The annoying threat

NGOs’ role as fifth estate under sharp focus

yogesh

Yogesh Rajput | January 30, 2015



The high-handedness of the government, often coming to light when it restricts movement, speech or action of the common man as suited by subjectivity, now finds a serious challenge in holding a firm ground. The spoilsport for the government has off late been the judiciary, which has (much to the public’s delight) involuntarily been performing the role of a big brother.
 
The Delhi high court while hearing the plea of Priya Pillai, a human rights activist, issued notices to various government bodies asking them to explain the grounds on which she was recently offloaded from a London-bound flight at Delhi airport.

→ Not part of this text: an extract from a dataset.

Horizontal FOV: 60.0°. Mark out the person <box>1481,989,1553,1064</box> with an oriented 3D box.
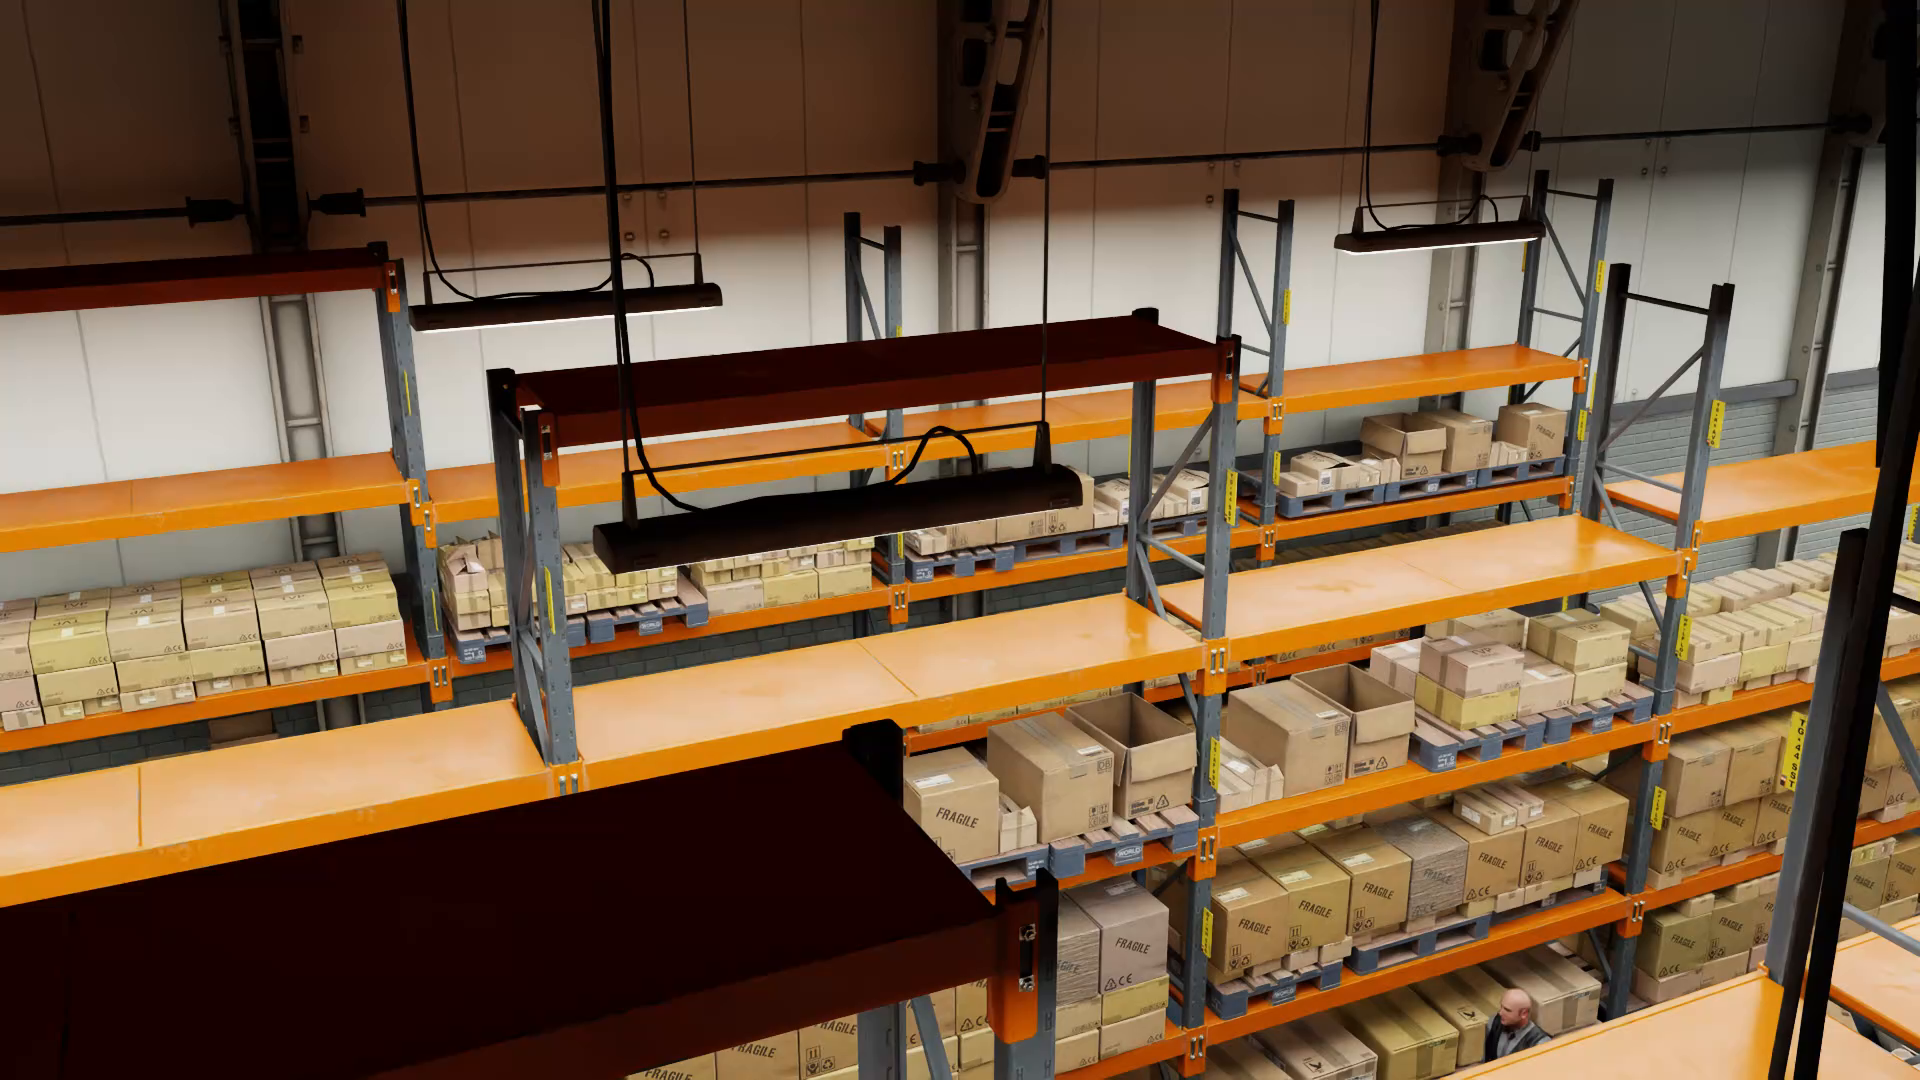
[{"bbox_3d":[3.698,3.747,11.059,0.461,1.718,0.569,-11,21,-29],"label":"person"}]
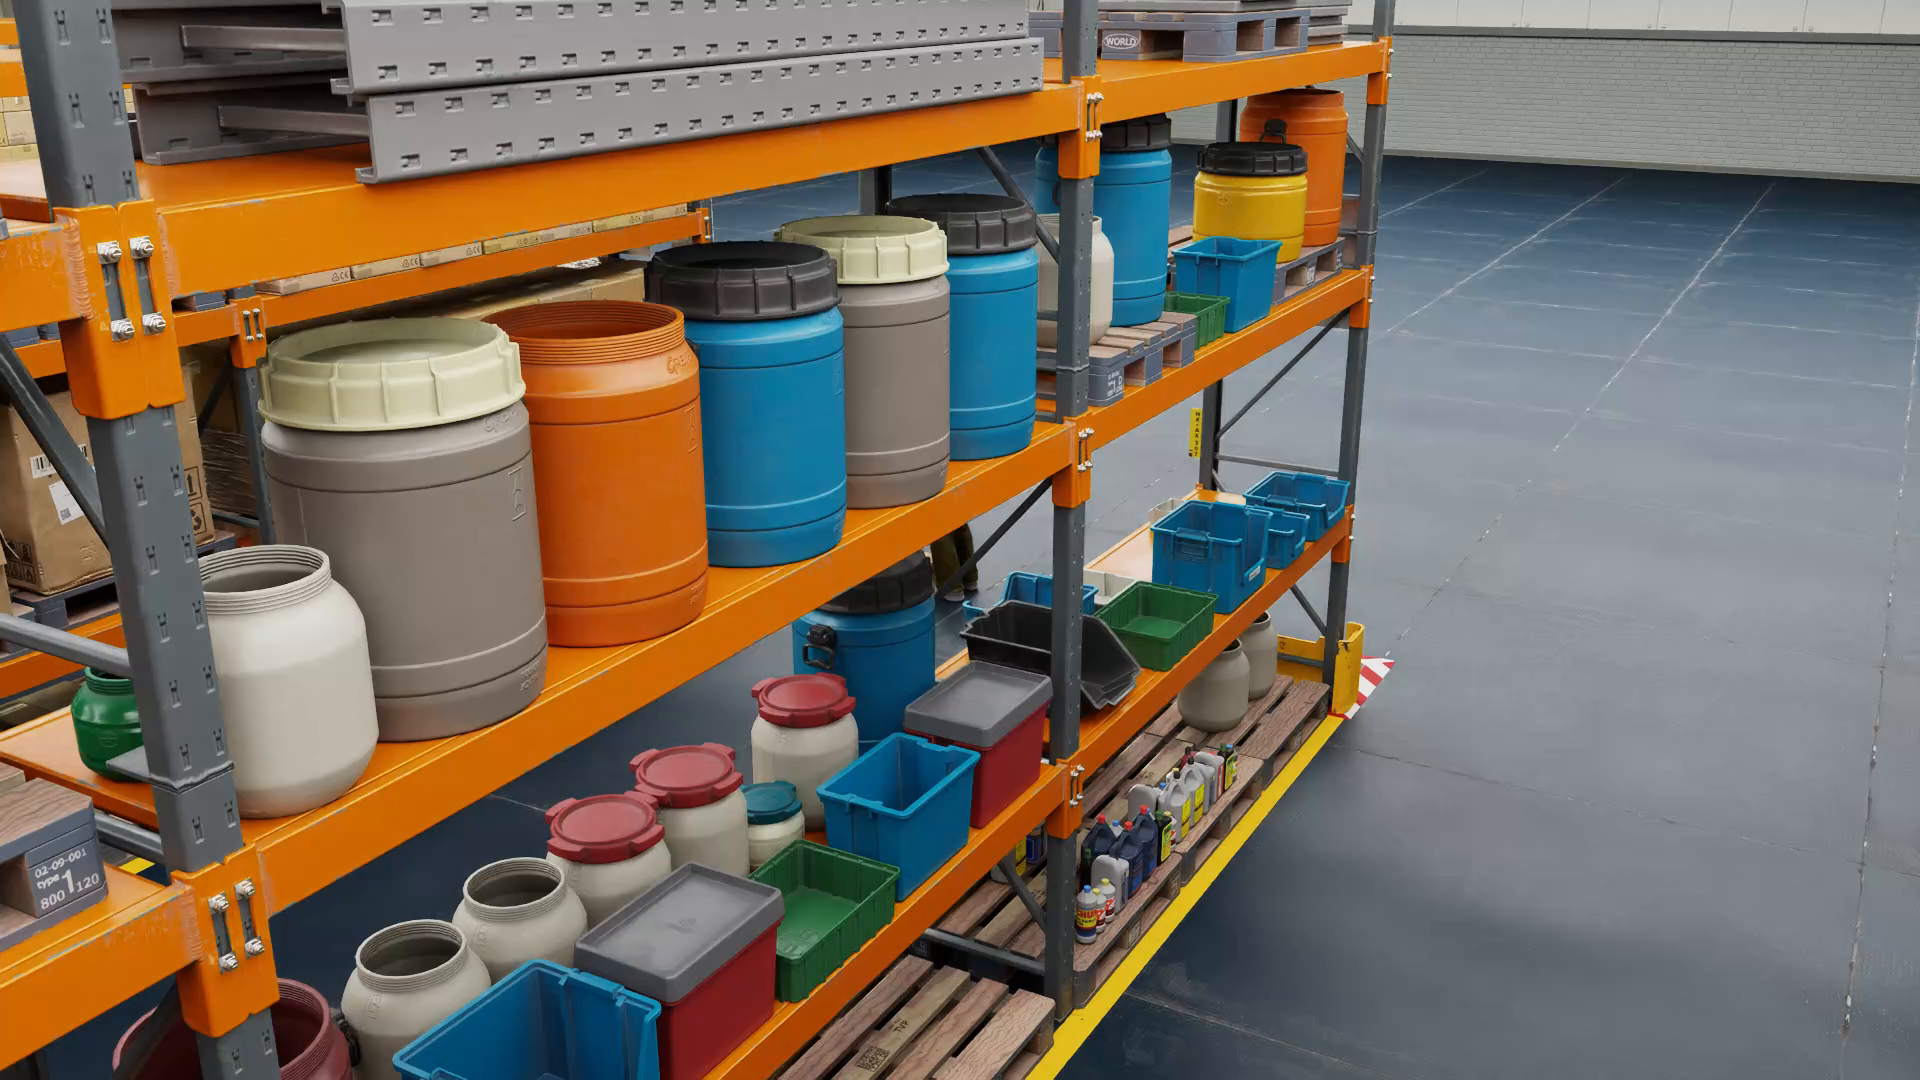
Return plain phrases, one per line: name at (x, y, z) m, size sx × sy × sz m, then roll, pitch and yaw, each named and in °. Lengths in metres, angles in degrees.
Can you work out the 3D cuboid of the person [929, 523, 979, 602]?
person at (-0.079, -0.427, 12.320) m, size 0.418 × 1.774 × 0.656 m, roll 9°, pitch 21°, yaw 25°

Pillai, a campaigner with Greenpeace, was scheduled to visit the UK to make a presentation before British MPs on alleged human rights violation in Mahan, Madhya Pradesh.
 
The government’s act, which would have well surprised the activist, should however not be considered as coming out of the blue as its instigations had been forming a concrete shape for quite some time. In the much-talked about report of the Intelligence Bureau that came out last year accusing several foreign-funded NGOs (including Greenpeace) of stalling important government projects and “threatening national economic security”, the centre in bold letters had expressed its discomfort with the consistent ‘screech in the ear’ criticism thrown towards it from the NGOs - a collective which with its loud voice, quietly works to form the unnoticed fifth estate.
 
Unlike journalists, NGOs have never been much feared by the government, not much attention has been given to what opinion they make of the government and its activities. It has only been in the recent past that the government now sees these pressure groups as a potential threat in exposing its shortcomings …ummm… national economic security.     
 
The central government is already pushing to attain greater influence for ruling in matters of freedom of expression after it recently supported the validity of Section 66-A of the IT Act in front of the supreme court (the section has been criticised by many of being unconstitutional and violating one’s freedom of speech). Under such circumstances, the judiciary is all the more expected and required to draw a more legible line separating expressions that pose threat to national security and those in national interest.